The present invention provides a technique for using laser radiation to cure a sealant during the manufacture of LCD (liquid crystal display) panels.

[0009]

In summary, in accordance with the present invention, the use of lasers to produce epoxies well known to those skilled in the art.
Acrylate (epoxy-acrylate), epoxy-amine (epoxy-amine), epoxy-urethane (epoxy-urethan)
Methods and systems for curing non-epoxy sealants such as e), epoxy-alcohols, epoxy-acids, and joining two substrates to form a panel are disclosed. A feature here is that none of the formulations listed here are organically pure epoxies. While a pulsed laser beam is used to facilitate the sealant polymerization in a timely manner,
No adverse temperature rise will occur in adjacent adhesive seals.

The subject matter regarded as the invention is individually pointed out and distinctly claimed in the claims at the end of the specification. The above as well as additional objects, features, and advantages of the present invention will become apparent in the following detailed written description taken in conjunction with the accompanying drawings.

[0011]

It is important to note that these embodiments are merely many of the advantageous uses of the innovative teachings of this application. In general, statements made in the specification of the present application do not necessarily limit any of the various claimed inventions. Also, some statements correspond to some inventive features but not to other features. In general, unless otherwise indicated, singular elements may be provided in the plural and vice versa with no loss of generality.

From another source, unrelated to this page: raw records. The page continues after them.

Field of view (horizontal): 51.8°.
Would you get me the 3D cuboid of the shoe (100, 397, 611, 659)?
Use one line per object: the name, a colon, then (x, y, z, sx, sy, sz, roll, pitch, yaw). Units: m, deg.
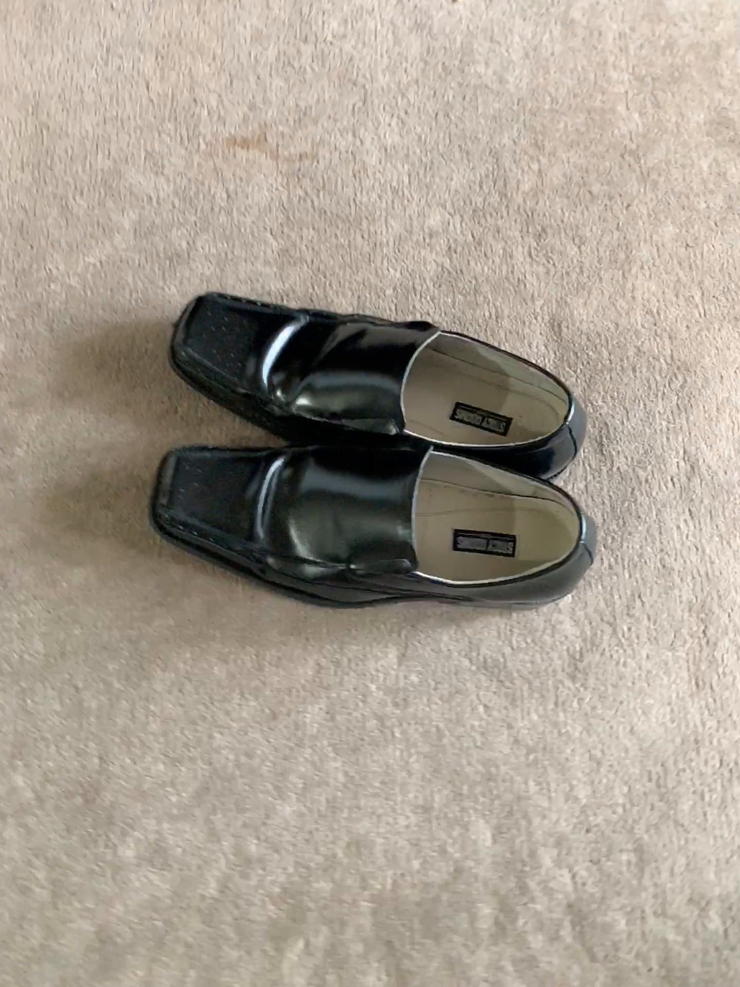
shoe: (-0.007, 0.031, 0.543, 0.310, 0.120, 0.110, 10, 76, 2)

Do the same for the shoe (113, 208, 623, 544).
shoe: (-0.002, -0.080, 0.563, 0.320, 0.120, 0.110, 20, 76, 4)
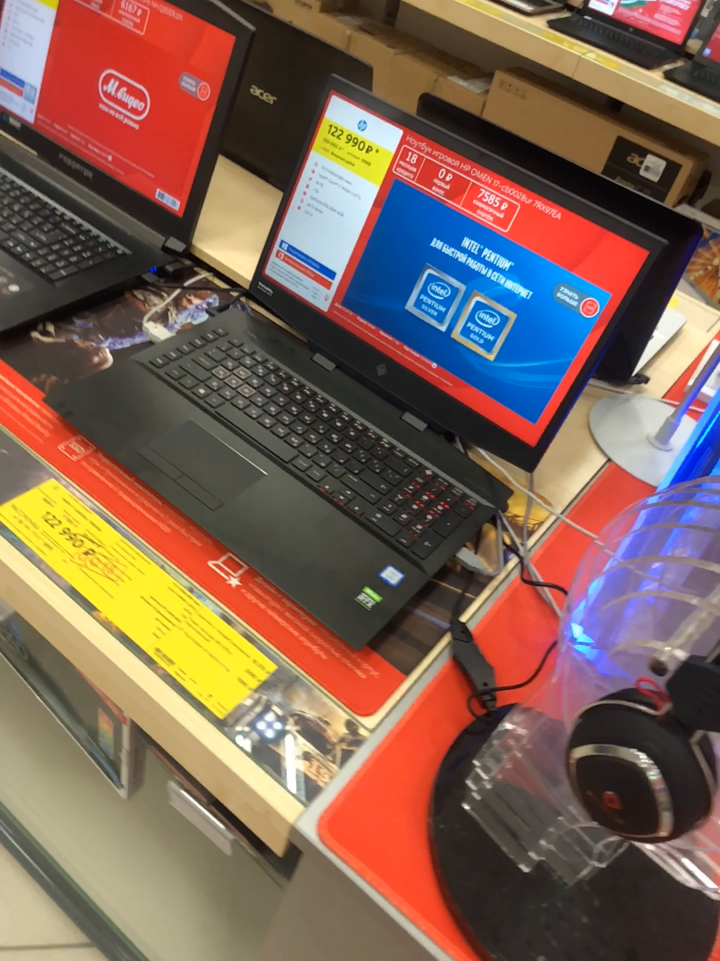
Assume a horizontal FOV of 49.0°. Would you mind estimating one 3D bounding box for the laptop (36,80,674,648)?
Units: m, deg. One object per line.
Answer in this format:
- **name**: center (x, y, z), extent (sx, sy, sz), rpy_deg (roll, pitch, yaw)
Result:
- **laptop**: center (-0.010, -0.147, 0.739), extent (0.392, 0.246, 0.376), rpy_deg (35, 46, 20)
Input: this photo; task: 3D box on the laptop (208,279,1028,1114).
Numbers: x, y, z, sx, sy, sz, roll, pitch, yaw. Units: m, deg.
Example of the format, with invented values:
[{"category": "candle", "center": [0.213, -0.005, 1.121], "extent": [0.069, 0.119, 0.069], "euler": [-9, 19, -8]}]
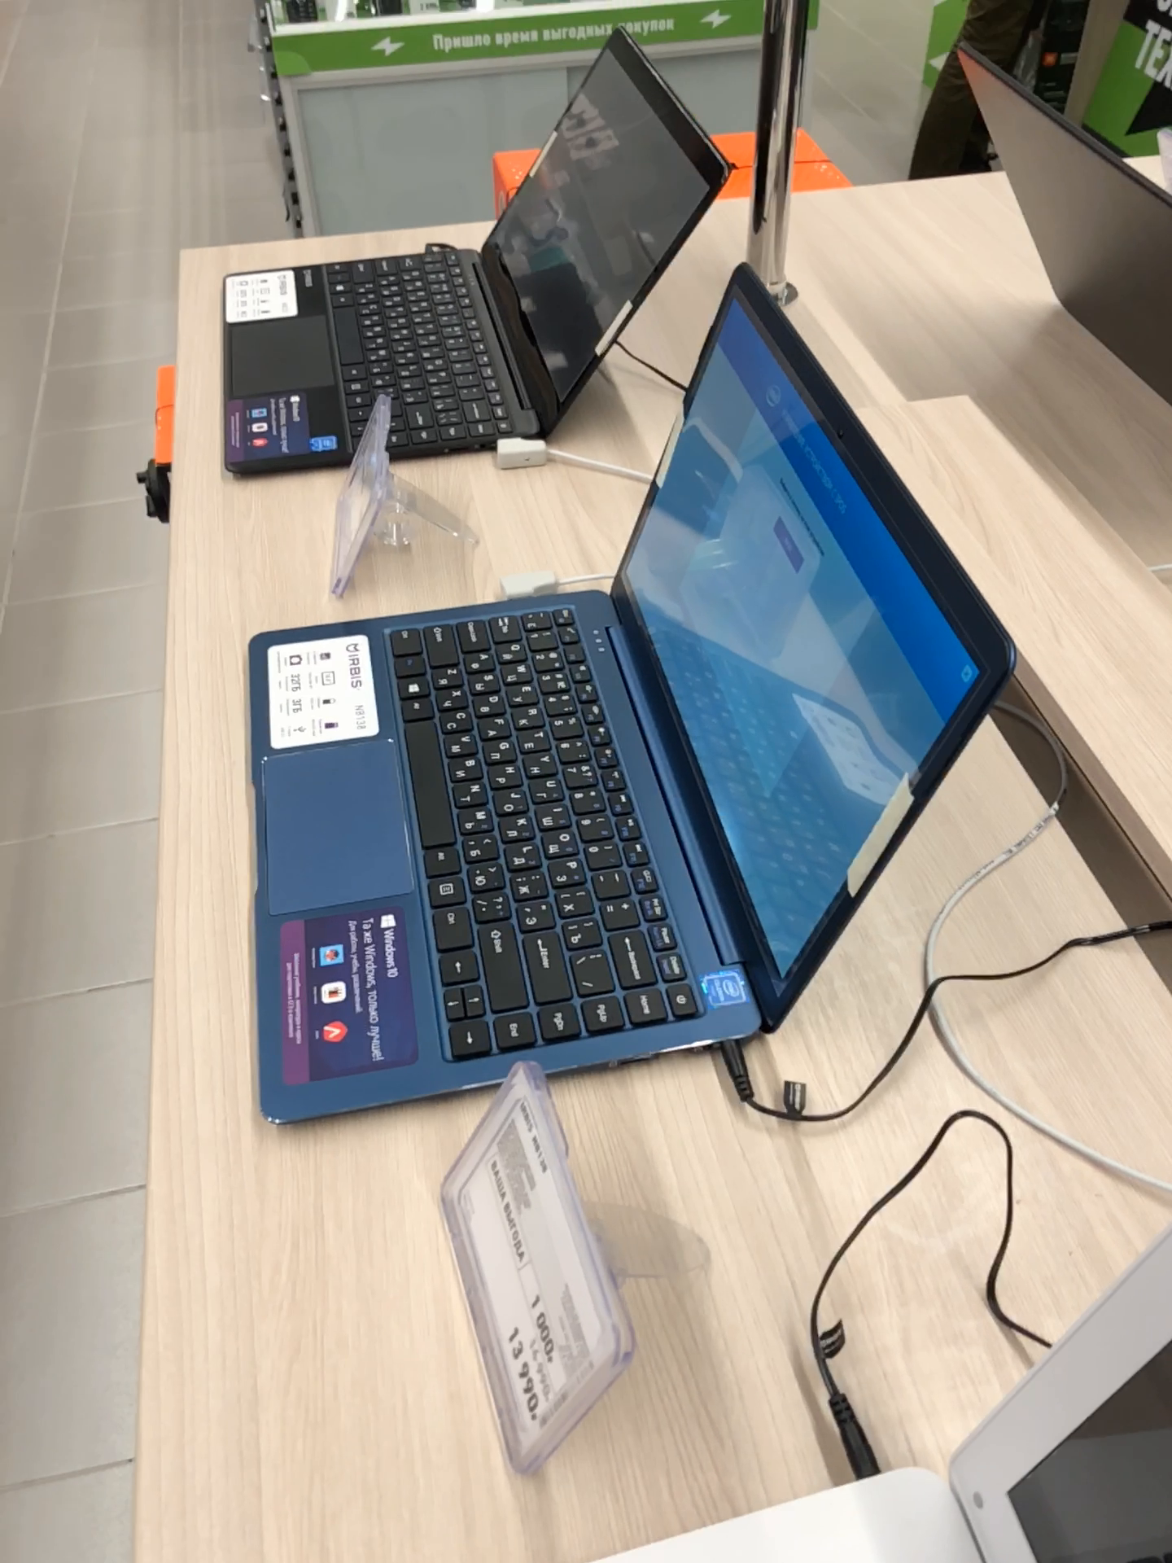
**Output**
[{"category": "laptop", "center": [-0.011, -0.059, 0.586], "extent": [0.270, 0.185, 0.310], "euler": [-9, 45, -7]}]

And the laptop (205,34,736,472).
[{"category": "laptop", "center": [-0.095, -0.401, 0.945], "extent": [0.327, 0.155, 0.302], "euler": [-10, 46, -8]}]

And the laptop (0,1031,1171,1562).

Detailed Description of the Process A method of polymerizing a non-epoxy adhesive sealant and firmly bonding two substrates together by the use of laser radiation that activates a photoinitiator that initiates the polymerization or crosslinking of the adhesive seal. Disclosed. Tensile strength data is mercury UV
Shown are glass samples laminated together with a non-epoxy adhesive seal using a lamp and two different short pulse lasers. As described further below, forming a panel already containing liquid crystals by hermetically sealing two substrates using a laser to activate a photoinitiator, eg, ODF technology, There are several advantages over the results obtained with standard mercury lamps. In another embodiment, a thermal initiator is present in the non-epoxy sealant.
The thermal initiator initiates the sealant cure when the LCD panel temperature is raised or the seal is made by baking.

Experimental Study on Use Effects During Assembly of LCD Panels UV curable sealants, here limited to non-epoxy sealants such as those described above, when exposed to UV (ultraviolet) radiation. The initiator is activated. The photoinitiator interacts with the chemical moieties of the sealant, causing the sealant to crosslink or polymerize. This is also known as curing. Current manufacturing techniques usually use UV lamps for irradiation to cause polymerization. Here, it has been experimentally determined that lasers, especially UV lasers, are more effective than UV lamp irradiation. The laser is usually one of both UV-transparent or near-transparent substrates, which is glass for maximum efficiency during curing of the sealant.
Incident on a sheet. Here the efficiency is the tensile strength / adhesive seal cross-sectional area (CSA) required to separate the two substrates,
Is defined by In a further definition, efficiency is the total incident W energy (fluence) per square centimeter.
Is the tensile strength (force per unit area of non-epoxy adhesive sealant).

In addition, pulsed lasers have been shown to reduce the total fluence used to achieve curing or polymerization as compared to UV lamp irradiation, leading to a faster curing process and improved production per hour. It was

Of the several lasers in one embodiment, the excimer XeF pulsed laser and the Q-Peak ™ high repetition laser are the most efficient. Both have pulse widths on the order of tens of nanoseconds, and several different UV CW (continuous wave) lamps that are commonly adopted to activate the photoinitiator in the sealant to cure or polymerize the sealant. More efficient than other light sources. However, it is also possible to use lasers with much shorter pulse widths, for example on the order of femtoseconds. As a result, the full range of possible changes in pulse width is from femtoseconds to continuous waves.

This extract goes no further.